Why aren't mail servers configured to require public keys? - plg

Why aren&#x27;t mail servers designed so that any mail directed to user X must be encrypted with user X&#x27;s public key?
======
DanBC
SMTP is pretty old. RFC 821[1] is from 1982. RFC 722 (Mail Transfer Protocol)
is from 1980. The early hackers didn't want security; passwords were often the
string PASSWORD for example.

Pretty Good Privacy[2] was first released 10 years later. Cryptography can be
computationally expensive.

There was a bunch of stuff that they just didn't think about when SMTP was
created, and changing the protocols is glacially slow.

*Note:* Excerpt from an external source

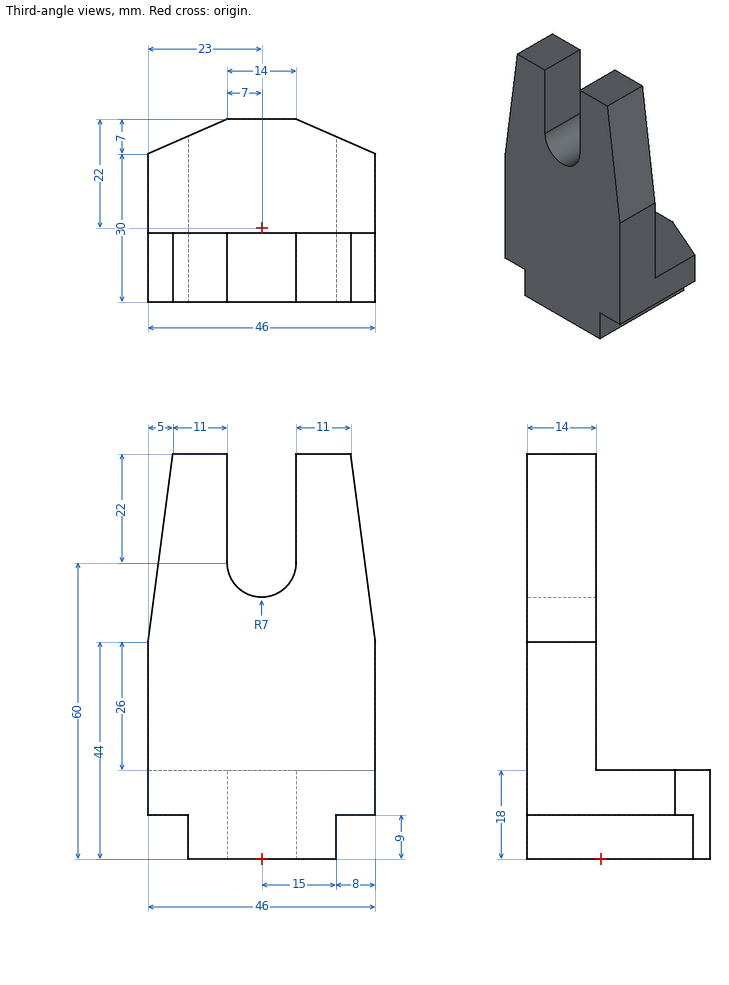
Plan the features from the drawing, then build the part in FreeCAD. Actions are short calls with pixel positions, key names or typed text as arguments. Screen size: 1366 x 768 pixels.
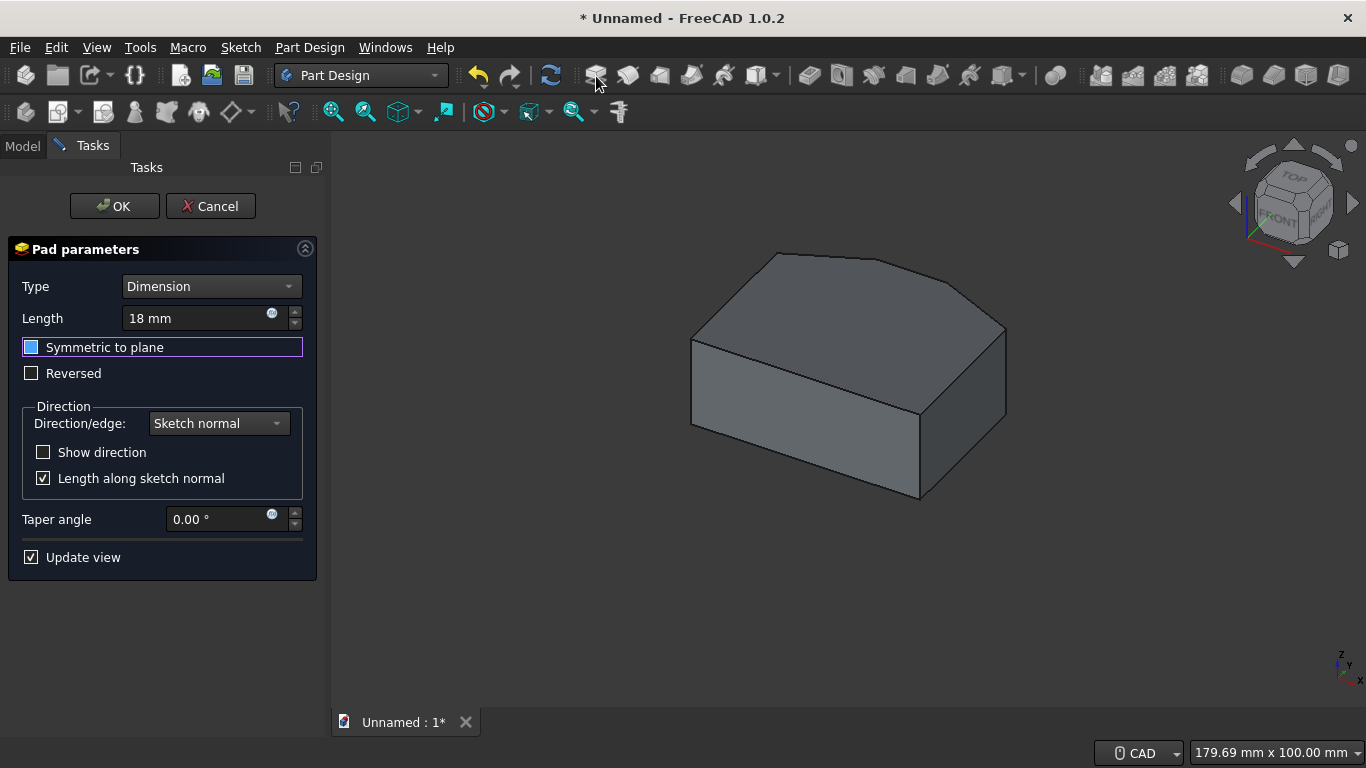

For example, Project Gutenberg started when Michael Hart wanted everyone to
have a copy of the US constitution, and started emailing it to everyone. Spam
has been a significant problem for SMTP but nothing really has been put in the
RFCs to help.

Anyone designing a mail protocol wouldn't come up with SMTP, but no-one with
RFC influence is going to create an SMTP replacement, and so we're getting
locked in with easier closed-garden communications. Facebook makes it easy for
me to chat or message someone, but it's horrible compared to the nice RFC
standards.

[1]
([http://www.faqs.org/rfcs/rfc821.html](http://www.faqs.org/rfcs/rfc821.html))

[2]
([https://en.wikipedia.org/wiki/Pretty_Good_Privacy](https://en.wikipedia.org/wiki/Pretty_Good_Privacy))

[3]
([https://en.wikipedia.org/wiki/Project_gutenberg#History](https://en.wikipedia.org/wiki/Project_gutenberg#History))
([http://www.gutenberg.org/wiki/Gutenberg:The_History_and_Phil...](http://www.gutenberg.org/wiki/Gutenberg:The_History_and_Philosophy_of_Project_Gutenberg_by_Michael_Hart))

------
msmitty
Single universal encryption standard indeed. Plus you'd need users to
understand how it works. Teach them how to keep their secret key safe; explain
to them how they are screwed if they ever lose it etc. Then you need to have
users to upload their public keys. I don't see my dad doing this. You can't
have your email provider do it because when your private key is not in your
hands alone, you'll never be certain that it's not abused. Your mail server
software needs to be adapted. Lots of people use Google. They won't encrypt
email by default because then their algorithms won't be able to scan your
email's content for targeted ads. John Q. Email user can't even choose a
decent internet password, let alone understand PKI.

------
tptacek
Because that would require a single universal Internet encryption standard,
and S/MIME never really succeeded as that.

------
a3n
Because email comes from the early internet, when the net was basically
between a relatively few trusted individuals. Then millions, then billions saw
the utility of what existed, and now it's almost too late.